Much hay has been made of the events of Outraged October, where both parties have been held captive to the obstinate agenda of a third party-within-a-party. Timothy Lee of The Washington Post wrote that the Constitution itself is in jeopardy as tea partiers put up primary challengers to any moderate Republican not willing to toe the line. But the tea party hasn't broken the Constitution -- it has broken our century-old two-party system of government. And there is a least one Founder (they are not a monolithic deity, as often assumed) who might have been pleased.
You may remember this speech from your high school history class -- George Washington's Farewell Address.
However [political parties] may now and then answer popular ends, they are likely in the course of time and things, to become potent engines, by which cunning, ambitious, and unprincipled men will be enabled to subvert the power of the people and to usurp for themselves the reins of government, destroying afterwards the very engines which have lifted them to unjust dominion.
Men (yes, mostly men) from all sides of the political spectrum -- from Ross Perot to Ralph Nader -- have been trying to subvert the Democratic-Republican machine for decades. But they quixotically tried to do it from without. In dismantling the Republican Party, the tea party is doing it from within.
Publicly, the tea party professes to wish to stay within the realm of Republicanism while shifting to the party to the right (you can put a check mark next to that one). In reality, they have no interest in climbing the old rungs of power. Ted Cruz, with a face like a Goomba from Super Mario Brothers, fancies himself as the new Barack Obama, a junior junior senator who too could grasp the presidency in a few years time. Though now reviled by many of his colleagues, Cruz has achieved something that Sarah Palin and Michele Bachmann and Marco Rubio were only able to do for fleeting moments -- ideological leadership of the tea party. He has gambled that he will remain the face of that movement as the one who has done the most in Congress to bring its goals to fruition.
Yes, there will be other players with strong national presences -- Rand Paul and Paul Ryan, to name a couple. But Cruz has done what neither of them were willing to do -- step onto a limb and really, truly advocate for the policies that the tea party passionately professes. Cruz is betting that by walking through the fire, he will be embraced as a "true" conservative, if your idea of conservatism is anarchy. Ryan, in tagging along with Mitt Romney, has already shown that he is willing to compromise, no matter how many austere budget proposals he crafts over the next few years.
Cruz is not willing to compromise. He has shown that he can dominate through alienation, pandering to a core core group of tea partiers who will not be shut up. And he can hog the media spotlight for as long as he likes -- radicalism, after all, is sexy. Tea partiers, unlike most other political movements, aren't interested in legislative achievements. They are interested in legislative dysfunction in order to sow their own distrust of government throughout the general populace. They have achieved this goal with spectacular success.
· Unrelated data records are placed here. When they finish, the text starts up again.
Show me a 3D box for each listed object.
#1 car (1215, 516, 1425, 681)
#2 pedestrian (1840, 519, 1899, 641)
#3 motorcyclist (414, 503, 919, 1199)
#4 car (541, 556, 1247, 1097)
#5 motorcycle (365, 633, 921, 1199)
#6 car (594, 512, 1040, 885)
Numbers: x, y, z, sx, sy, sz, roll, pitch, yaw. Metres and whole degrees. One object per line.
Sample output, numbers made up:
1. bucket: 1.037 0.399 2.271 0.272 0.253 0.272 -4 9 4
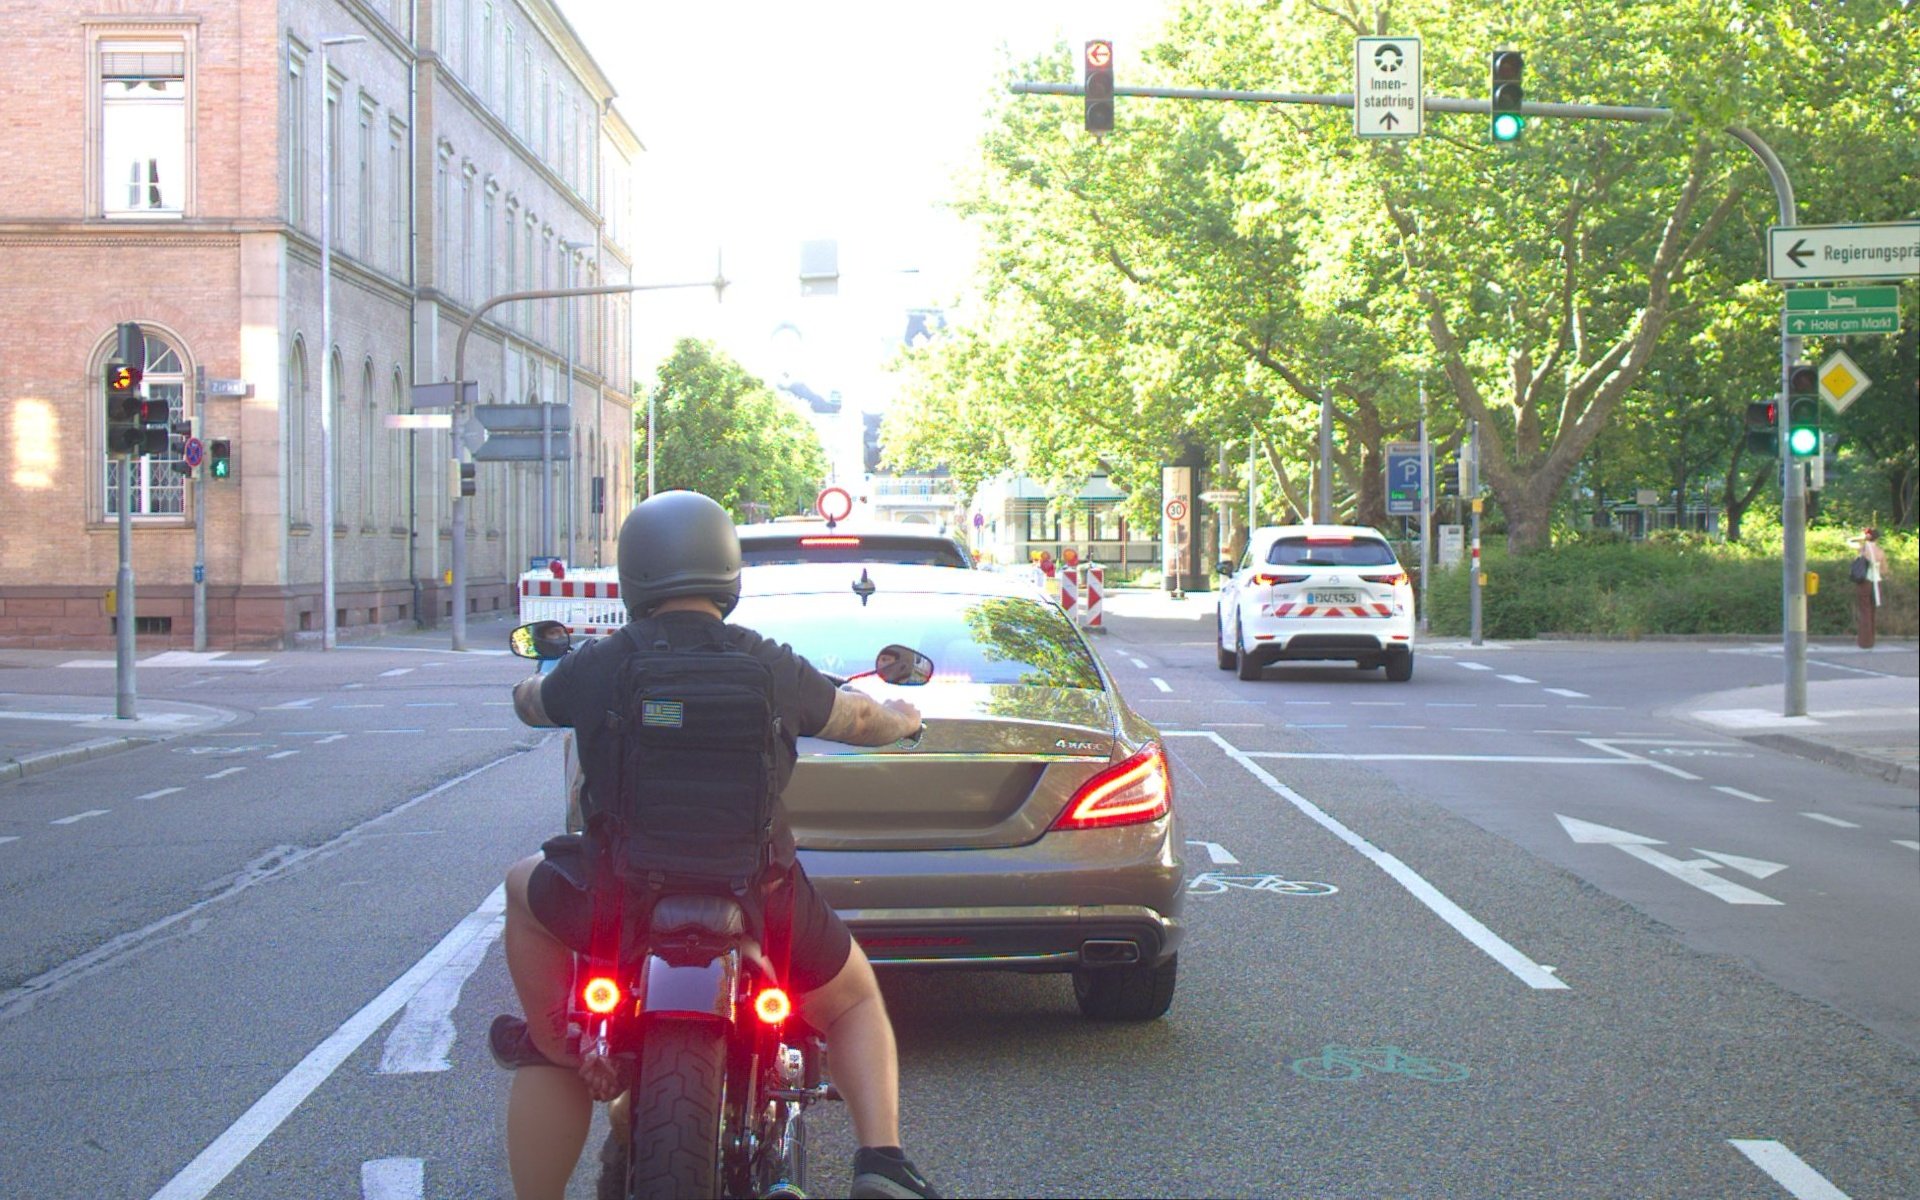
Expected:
1. car: 3.995 -0.062 38.805 1.943 1.702 4.483 1 1 1
2. pedestrian: 13.321 -0.301 50.333 0.678 1.766 0.616 1 0 29
3. motorcyclist: -0.578 0.586 7.316 0.980 1.573 1.248 0 1 -1
4. car: -0.433 0.583 11.619 1.869 1.439 4.431 0 1 -8
5. motorcycle: -0.574 0.738 7.281 0.980 1.271 2.407 0 1 -1
6. car: -0.668 0.425 17.541 1.993 1.660 4.000 1 1 -1

Consider how thoroughly the credibility of the federal government has been undermined by this latest spectacle. President Obama comes across as detached and impotent; Speaker Boehner even more so. The lack of camaraderie or chemistry between them certainly hasn't helped. Tea partiers are frequently referred to as "not living in reality" and "childish." While I wholeheartedly agree, I usually don't get what I want in an argument by insulting the other person's intelligence.
And on the individual level, those of us who draw salaries from the federal government (myself included) are more anxious and nervous than ever. The harm the crisis has done will lead to another round of political turnover. With incumbents about to be thrown out again, Congress looks more like a turnaround school than a legislative body.
It's nothing new for political parties to realign, and for third parties for fracture off old ones (think Strom Thurmond and the Dixiecrats, who ran on a segregationist platform in 1948 and captured some Deep South states, which the tea party could certainly accomplish). What seems new is that the tea party is doing this from within. For now, they refuse to set off on their own. What we are witnessing is a struggle within a coalition forged between Boehner-McCain Republicans and Cruz-Paul tea partiers. The two-party system has brought us great stability for a century at the cost of ideological purity; the hyper-patriotic tea party is ironically fueling the possibility of European-style coalition government. And European countries (i.e. Belgium) can go months without a government even forming.
The real question is when they will all drop the charade and stop pretending that Boehner is in charge. The Democrats seem convinced that he is a bulwark against true radicalism, but his place in history is that of an ineffective placeholder.
So when the tea party becomes an official political party on the ballot, it will have to decide with whom to align in the House of Representatives. Will it try to shift back into the Republican fold, with its own discrete congressional leader for negotiations? Or will we see something like the United Kingdom's latest election, where the Conservatives, after winning a plurality, allied with the Liberal Democrats against the Labour Party?
It is a terrifying time to be an American dependent upon the federal government in matters big and small (which, really, is all of us). But as we start to rely more on ourselves and less on each other, no longer trusting that government can solve problems, the tea party dream will have been realized. That's their long game, and the victory is all but won.